Activity: State the count of lines below featuring the word "width", and write nothing further.

Data extracted from a collection:

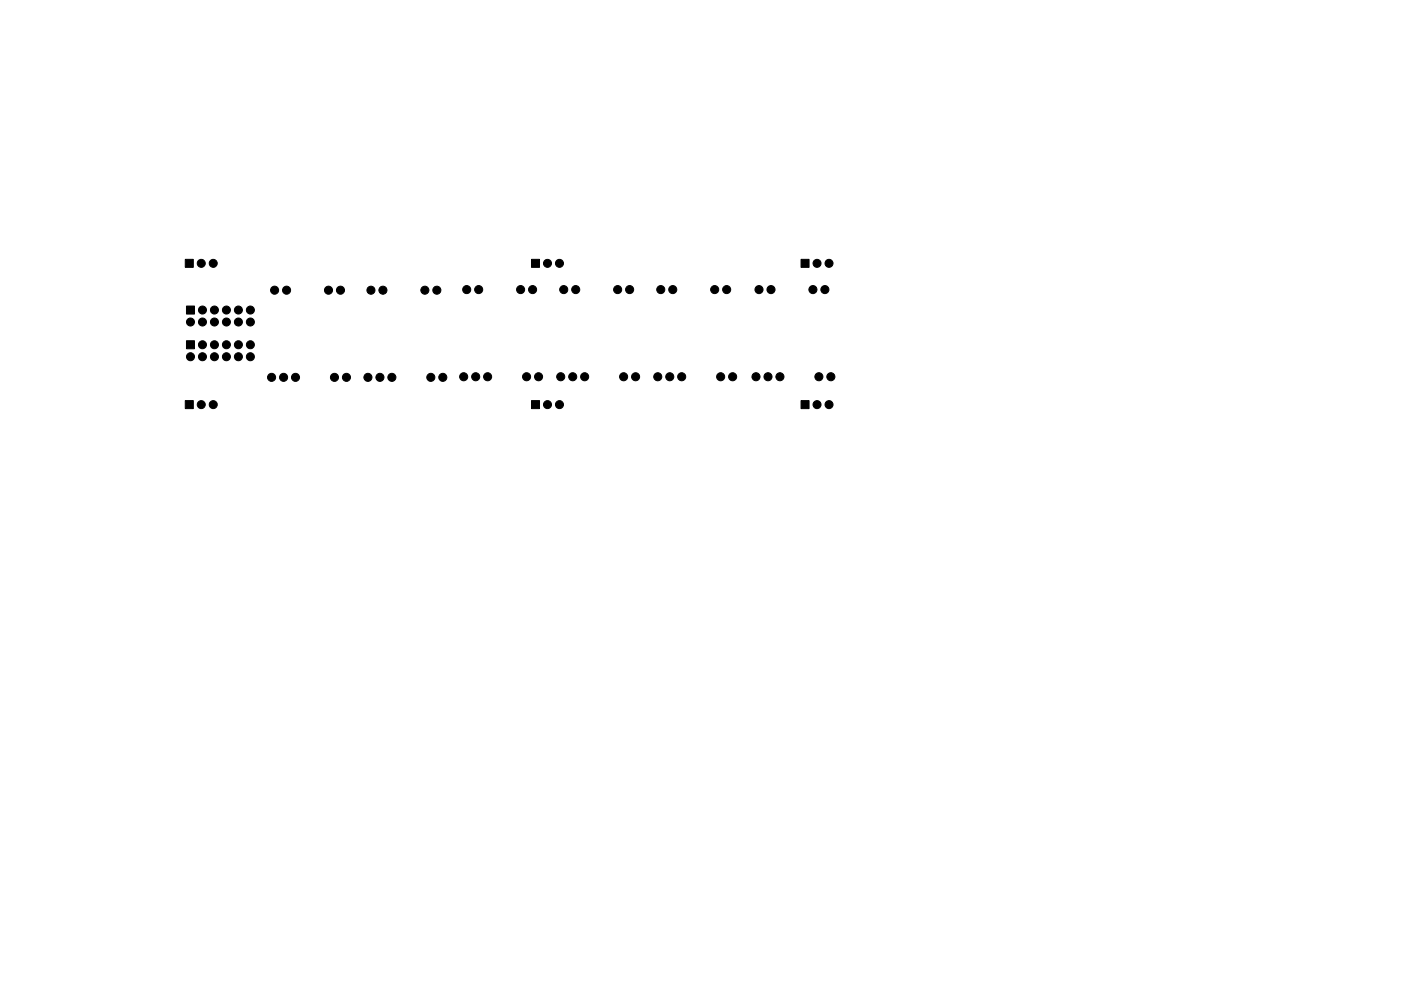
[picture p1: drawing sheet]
<svg xmlns="http://www.w3.org/2000/svg" width="297mm" height="210mm" viewBox="0 0 297 210" stroke-linecap="round" stroke-linejoin="round" font-family="sans-serif">
<g fill="#000" stroke="#000" stroke-width=".21">
<path d="M39.3 55h1.7v1.7h-1.7zM112.7 55h1.7v1.7h-1.7zM169.8 55h1.7v1.7h-1.7zM39.5 72.3h1.7v1.7h-1.7zM39.5 64.9h1.7v1.7h-1.7zM39.3 85h1.7v1.7h-1.7zM112.7 85h1.7v1.7h-1.7zM169.8 85h1.7v1.7h-1.7z"/>
<circle cx="42.7" cy="55.9" r=".85"/>
<circle cx="45.2" cy="55.9" r=".85"/>
<circle cx="116.1" cy="55.9" r=".85"/>
<circle cx="118.6" cy="55.9" r=".85"/>
<circle cx="173.2" cy="55.9" r=".85"/>
<circle cx="175.8" cy="55.9" r=".85"/>
<circle cx="40.4" cy="75.7" r=".85"/>
<circle cx="40.4" cy="68.3" r=".85"/>
<circle cx="42.9" cy="68.3" r=".85"/>
<circle cx="42.9" cy="75.7" r=".85"/>
<circle cx="42.9" cy="65.8" r=".85"/>
<circle cx="42.9" cy="73.1" r=".85"/>
<circle cx="45.5" cy="75.7" r=".85"/>
<circle cx="45.5" cy="68.3" r=".85"/>
<circle cx="45.5" cy="73.1" r=".85"/>
<circle cx="45.5" cy="65.8" r=".85"/>
<circle cx="48" cy="73.1" r=".85"/>
<circle cx="48" cy="68.3" r=".85"/>
<circle cx="48" cy="65.8" r=".85"/>
<circle cx="48" cy="75.7" r=".85"/>
<circle cx="50.5" cy="75.7" r=".85"/>
<circle cx="50.5" cy="73.1" r=".85"/>
<circle cx="50.5" cy="68.3" r=".85"/>
<circle cx="50.5" cy="65.8" r=".85"/>
<circle cx="53.1" cy="73.1" r=".85"/>
<circle cx="53.1" cy="65.8" r=".85"/>
<circle cx="53.1" cy="68.3" r=".85"/>
<circle cx="53.1" cy="75.7" r=".85"/>
<circle cx="58.2" cy="61.6" r=".86"/>
<circle cx="60.8" cy="61.6" r=".86"/>
<circle cx="69.6" cy="61.6" r=".86"/>
<circle cx="72.2" cy="61.6" r=".86"/>
<circle cx="78.6" cy="61.6" r=".86"/>
<circle cx="81.2" cy="61.6" r=".86"/>
<circle cx="90.1" cy="61.6" r=".86"/>
<circle cx="92.6" cy="61.6" r=".86"/>
<circle cx="98.3" cy="79.9" r=".86"/>
<circle cx="98.9" cy="61.4" r=".86"/>
<circle cx="100.9" cy="79.9" r=".86"/>
<circle cx="101.5" cy="61.4" r=".86"/>
<circle cx="103.4" cy="79.9" r=".86"/>
<circle cx="110.4" cy="61.4" r=".86"/>
<circle cx="111.6" cy="79.9" r=".86"/>
<circle cx="112.9" cy="61.4" r=".86"/>
<circle cx="114.2" cy="79.9" r=".86"/>
<circle cx="118.9" cy="79.9" r=".86"/>
<circle cx="119.5" cy="61.4" r=".86"/>
<circle cx="121.4" cy="79.9" r=".86"/>
<circle cx="122.1" cy="61.4" r=".86"/>
<circle cx="124" cy="79.9" r=".86"/>
<circle cx="131" cy="61.4" r=".86"/>
<circle cx="132.2" cy="79.9" r=".86"/>
<circle cx="133.5" cy="61.4" r=".86"/>
<circle cx="134.8" cy="79.9" r=".86"/>
<circle cx="139.5" cy="79.9" r=".86"/>
<circle cx="140.1" cy="61.4" r=".86"/>
<circle cx="142" cy="79.9" r=".86"/>
<circle cx="142.6" cy="61.4" r=".86"/>
<circle cx="144.5" cy="79.9" r=".86"/>
<circle cx="151.5" cy="61.4" r=".86"/>
<circle cx="152.8" cy="79.9" r=".86"/>
<circle cx="154.1" cy="61.4" r=".86"/>
<circle cx="155.3" cy="79.9" r=".86"/>
<circle cx="160.3" cy="79.9" r=".86"/>
<circle cx="160.9" cy="61.4" r=".86"/>
<circle cx="162.8" cy="79.9" r=".86"/>
<circle cx="163.5" cy="61.4" r=".86"/>
<circle cx="165.4" cy="79.9" r=".86"/>
<circle cx="172.4" cy="61.4" r=".86"/>
<circle cx="173.6" cy="79.9" r=".86"/>
<circle cx="174.9" cy="61.4" r=".86"/>
<circle cx="176.2" cy="79.9" r=".86"/>
<circle cx="42.7" cy="85.8" r=".85"/>
<circle cx="45.2" cy="85.8" r=".85"/>
<circle cx="57.6" cy="80.1" r=".86"/>
<circle cx="60.1" cy="80.1" r=".86"/>
<circle cx="62.7" cy="80.1" r=".86"/>
<circle cx="70.9" cy="80.1" r=".86"/>
<circle cx="73.5" cy="80.1" r=".86"/>
<circle cx="78" cy="80.1" r=".86"/>
<circle cx="80.6" cy="80.1" r=".86"/>
<circle cx="83.1" cy="80.1" r=".86"/>
<circle cx="91.3" cy="80.1" r=".86"/>
<circle cx="93.9" cy="80.1" r=".86"/>
<circle cx="116.1" cy="85.8" r=".85"/>
<circle cx="118.6" cy="85.8" r=".85"/>
<circle cx="173.2" cy="85.8" r=".85"/>
<circle cx="175.8" cy="85.8" r=".85"/>
</g>
</svg>

Exercise answer: 2